If you had a TxTag before November 2024 — and your account was inactive or had an unpaid balance — it was not transferred to the new system. A KXAN investigation found 1.4 million TxTag accounts — 60% of all account holders — were not transferred over to HCTRA because they were inactive for a year prior or had a negative balance.
That’s 1.4 million accounts potentially tied to forgotten balances, expired refund checks, or unresolved account issues.
Source: KXAN Investigative Report / TxDOT
What Happened to TxTag
This is the part that caused the most confusion.
In late 2024, management of TxTag accounts was officially transferred to the Harris County Toll Road Authority — the same agency that runs EZ TAG. By early 2026, that transition was fully complete.
TxTag.org permanently closed for new accounts and payments on February 22, 2025. HCTRA migrated about one million TxTag accounts into their system.
If your account was inactive for more than 12 months or had unpaid balances, it was not transferred. In that case, you received a refund check with a 180-day expiration window.
If you never cashed that check — or never received it — that money may still be out there.
The Three Toll Systems in Texas — and How Refunds Work
EZ TAG / TxTag (now managed by HCTRA)
You can close your account and get a refund of your balance at any time.
Log in or call HCTRA customer service at 281-875-3279.
Manage your account at:
https://www.hctra.org/
TollTag (NTTA — North Texas Tollway Authority)
If your TollTag is inactive for three years, your remaining account balance may be turned over to the Texas Comptroller as unclaimed property.
Don’t wait three years.
Contact NTTA directly at 877-991-0033 or visit:
Here
to close your account and request your balance back.
Who Should Check Right Now
— You had a TxTag before November 2024 and haven’t logged in since
— You moved and stopped driving Austin or Central Texas toll roads
— You switched vehicles and never updated your account
— You have an old EZ TAG or TollTag account you haven’t used in a year or more
— You received a refund check after the TxTag transition — and never cashed it
The 180-day window on uncashed TxTag refund checks means some of those checks have already expired. If yours did — contact HCTRA directly to request a reissue.

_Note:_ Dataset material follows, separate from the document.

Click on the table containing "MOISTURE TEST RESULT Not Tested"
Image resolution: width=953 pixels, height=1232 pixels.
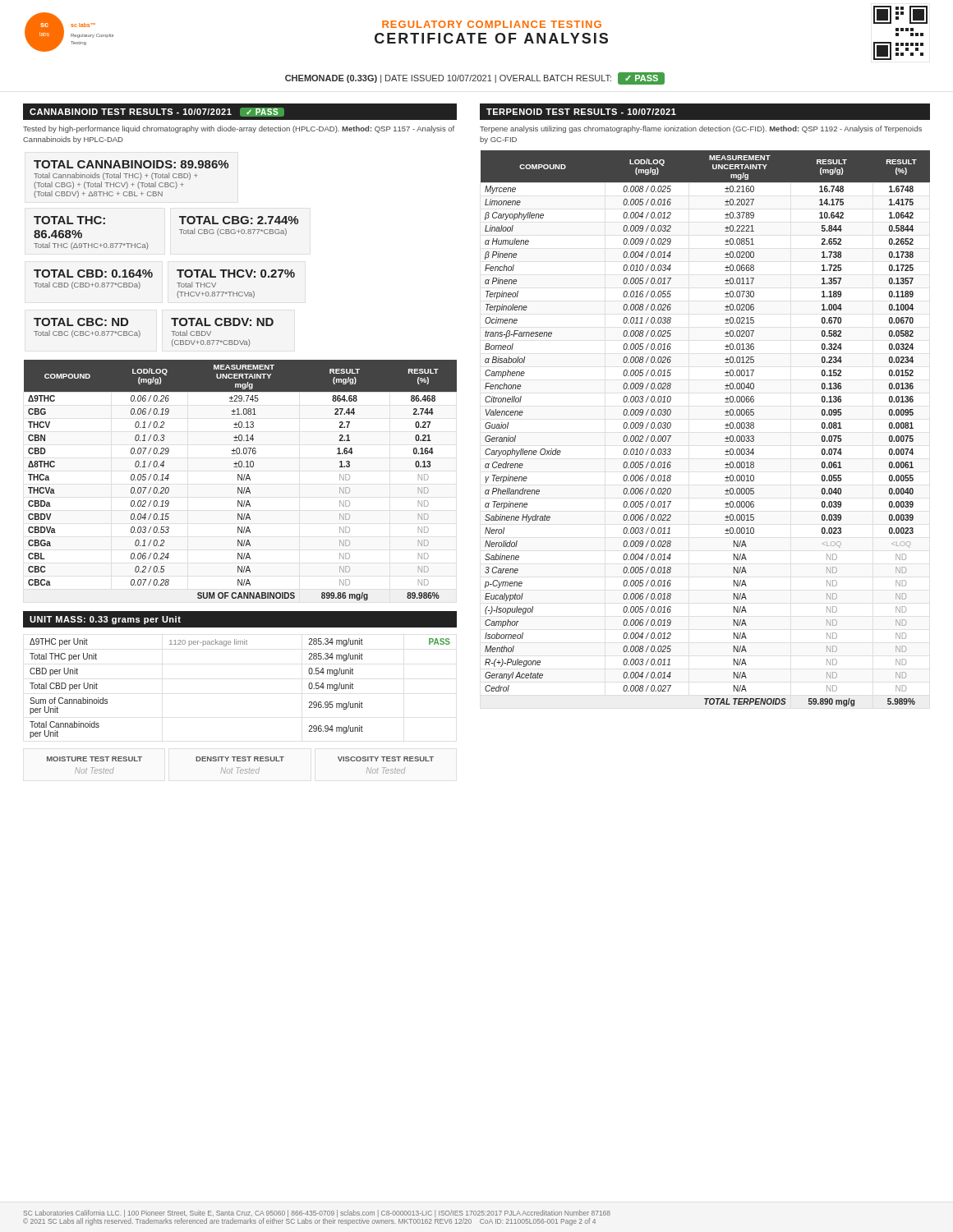pyautogui.click(x=240, y=764)
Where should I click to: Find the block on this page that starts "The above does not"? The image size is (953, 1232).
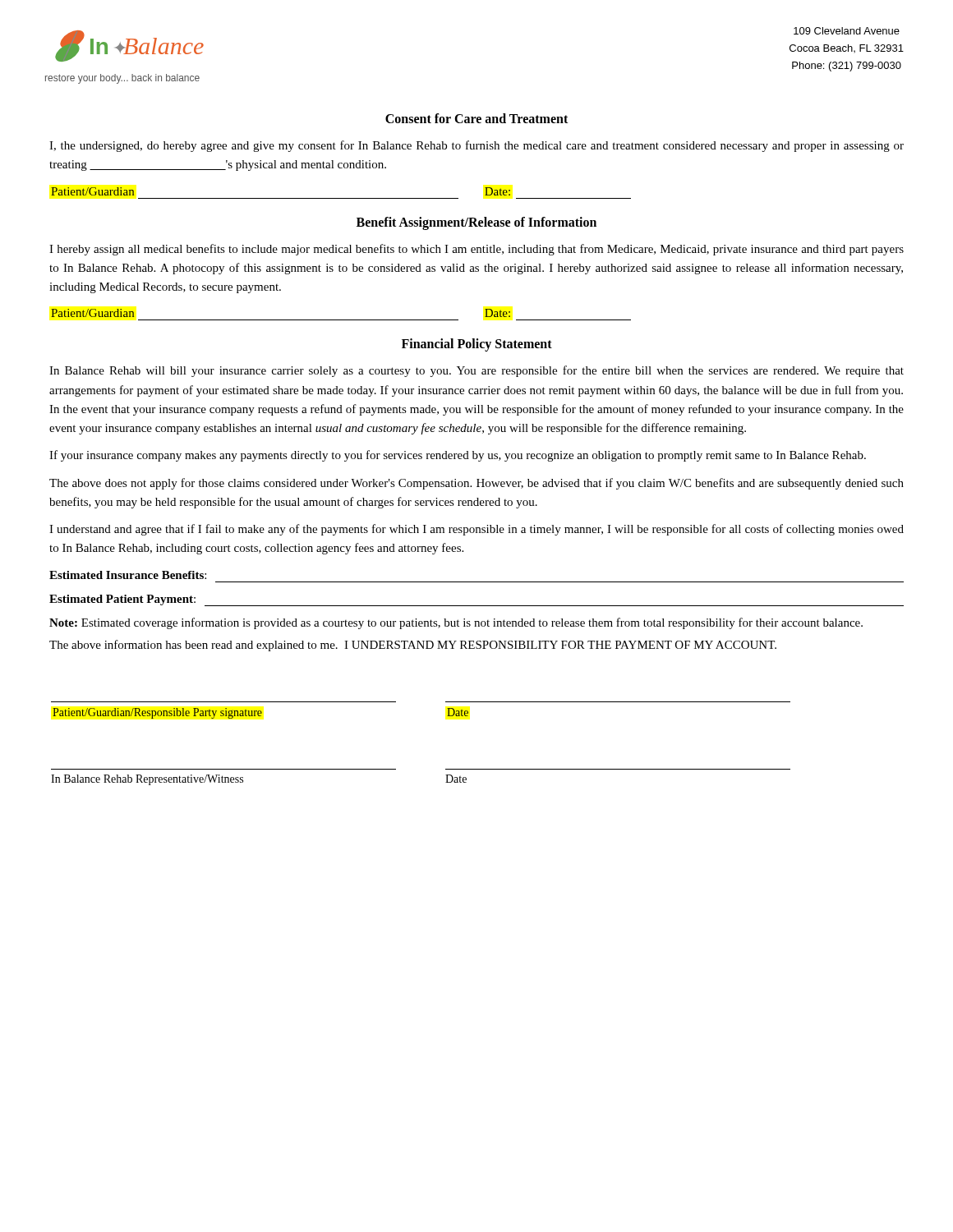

How to Check Your Account — Step by Step
EZ TAG / TxTag
Step 1 — Go to HCTRA and log in. If you were a TxTag customer, check whether your account was migrated.
Step 2 — If your account wasn’t transferred, check for outstanding balances using the license plate lookup tools available through HCTRA.
Step 3 — Contact HCTRA at 281-875-3279 to request your refund or reissue an expired check.
TollTag (NTTA)
Step 1 — Log in at NTTA or call 877-991-0033.
Step 2 — Request account closure and balance refund.
Step 3 — Refunds are typically issued to your original payment method or mailed by check.
One More Thing — Check ClaimItTexas.gov Too
If your TollTag account was inactive for years and you never requested your balance, that money may have already been turned over to the Texas Comptroller’s unclaimed property database.
Search your name at:
ClaimitTexas
Toll account balances can appear there just like any other unclaimed property.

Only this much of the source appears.